The domain of \(f(x)\) is \(-c^2 < x < 0\) or \(x > 0\). The function \(f(x)\) can be defined at \(x = 0\) as \(f(0)=\frac{1}{2c}\) to make the function continuous there.

Step-by-step solution

Find the domain of the function

The function \(f(x)\) is defined only for those values of \(x\) for which \(\sqrt{x+c^{2}}\) is defined and \(x≠0\) (as \(x\) is in the denominator). As a square root function is defined only for non-negative values, \(x+c^{2}\) should be greater than or equal to 0. Solving this inequality, we get \(x ≥ -c^2 \). Since \(x≠0\), we eliminate 0 from the domain. Therefore, the domain of \(f(x)\) is \(-c^2 < x < 0 \) or \(x > 0\).
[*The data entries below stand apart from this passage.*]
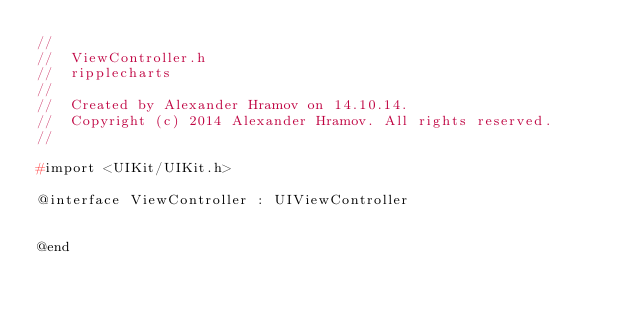Convert code to text. <code><loc_0><loc_0><loc_500><loc_500><_C_>//
//  ViewController.h
//  ripplecharts
//
//  Created by Alexander Hramov on 14.10.14.
//  Copyright (c) 2014 Alexander Hramov. All rights reserved.
//

#import <UIKit/UIKit.h>

@interface ViewController : UIViewController


@end

</code>

Find the limit as x approaches 0 from the positive side

To ensure that the function is continuous at \(x=0\), the limit as \(x\) approaches 0 from the positive side should exist. We calculate the limit using: \[\lim_{{x \to 0}^{+}} f(x) = \lim_{{x \to 0}^{+}} \frac{\sqrt{x+c^{2}}-c}{x}\]. We can simplify the limit using rationalization, which gives us \[\lim_{{x \to 0}^{+}} \frac{x}{x(\sqrt{x+c^2}+c)}\]. After simplification, the limit formula comes down to \[\frac{1}{\sqrt{x+c^2}+c}\]. Substituting \(x = 0\) in the equation, we get \(\frac{1}{2c}\).

Find the limit as x approaches 0 from the negative side

Similarly, we calculate the limit as \(x\) approaches 0 from the negative side using the equation \[\lim_{{x \to 0}^{-}} f(x) = \lim_{{x \to 0}^{-}} \frac{\sqrt{x+c^{2}}-c}{x}\]. Similar to the previous step, the limit as \(x\) approaches 0 from negative side also gives us \(\frac{1}{2c}\).

Evaluating the continuity at x=0

Since the limit exists and they are equal from both the positive and negative side as \(x\) approaches 0, \(f(x)\) is continuous at \(x=0\) if we define \(f(0)=\frac{1}{2c}\)